Here at the Young Republican National Convention in Mobile, Alabama, attendees often direct casual conversation toward the 2016 general election. I’m interested to know who they like. “Not Rand Paul” is one answer. “In our session this morning, someone tried to introduce a measure supporting the legalization of marijuana,” Mike Bayham, a Republican State Committeeman tells me. I ask how it went. “Not well. We voted not to consider it.”
I explain that I’m from National Review, and that I support legalizing marijuana — and almost everything else, really. After a little back-and-forth debate about merits of that policy, I ask what Mike thinks that the general attitude would be in the room toward a more permissive drug regime. “You might get a few of the Paulistas who support it. The Ronuluns,” Bayham tells me, smiling slightly. “But not really. The government shouldn’t be suggesting that drugs are okay.” I ask if there are many Ron Paul types here. “No, not really.” If there is a libertarian shift in the party, it doesn’t appear to be on display here.
And what of Rand, as opposed to his father? “I don’t think he’s much different to his father, Bayham says. “He’s aware of his problem and he’s trying to hide it – but it’s difficult for him to do that.” What is that problem? “He’s just very much like his father, really.”
I ask who he favors. “Well, up until about six months ago, it would have been Marco Rubio. But now, I like Scott Walker.” Is this because of Rubio’s immigration activism. “Yes.” Later, I mention Bobby Jindal. “I’m from Louisiana, and I don’t think that Jindal could get elected now in his own house!” Bayham concludes. This is a fairly common assessment.
Scott Walker’s name is mentioned a lot. But something about the way it is invoked bothers me slightly, and I can’t help wondering about the extent to which he is benefiting from being unscathed and — nationally at least — untested. Walker is a successful governor of Wisconsin — a blue state – and an avatar for the reform of union excess. But at some point, he’ll annoy people just as everybody else has. Rubio has upset many with his immigration bill; Jindal has, many claim, been found wanting; Paul Ryan was on a losing ticket in 2012, as was Sarah Palin; Rick Santorum lost a primary, as did Rick Perry; Chris Christie irritated some Republicans when he appeared to be so chummy with the president just days before an election; and Rand Paul is, among this crowd at least, mistrusted for his libertarianism.

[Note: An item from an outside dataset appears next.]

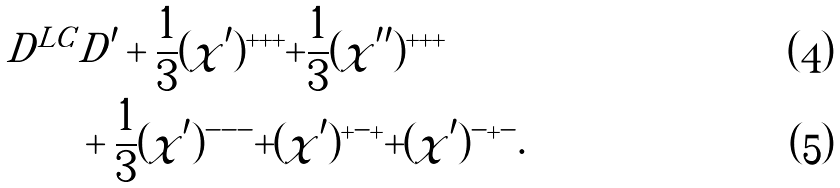Convert formula to latex. <formula><loc_0><loc_0><loc_500><loc_500>D ^ { L C } & D ^ { \prime } + \frac { 1 } { 3 } ( \chi ^ { \prime } ) ^ { + + + } + \frac { 1 } { 3 } ( \chi ^ { \prime \prime } ) ^ { + + + } \\ & + \frac { 1 } { 3 } ( \chi ^ { \prime } ) ^ { - - - } + ( \chi ^ { \prime } ) ^ { + - + } + ( \chi ^ { \prime } ) ^ { - + - } .</formula>

Scott Walker is certainly an impressive man. But, talking to the attendees, I’m left wondering to what extent he remains a Rorsach test onto whom the rank and file can project their desires without pushback.
Rick Santorum, whose group, “Patriot Voices,” is a sponsor here, does not currently appear to have the support that he would need to win a second time around. The conference opened yesterday with a pre-recorded video featuring Santorum’s usual spiel: “I was a young Republican.” / “This was the main thing that led to my success and my campaign.” / “There’s a war going on.” / “Conservatives wish to conserve” the ideas of a young country and to “hold onto our founding documents.” / The “Declaration is the heart and soul of America.” I know this because I was listening. But nobody else was. When Santorum started speaking, the room started talking and eating. Not particularly encouraging for him.
“Maybe after Obama and his whole persona, the country will be ready for a Scott Walker,” Bayham suggests. This is interesting. America does tend to tire of certain characteristics and elect people with opposite qualities. But, in a television age, does a quieter, more down-to-earth man really come across?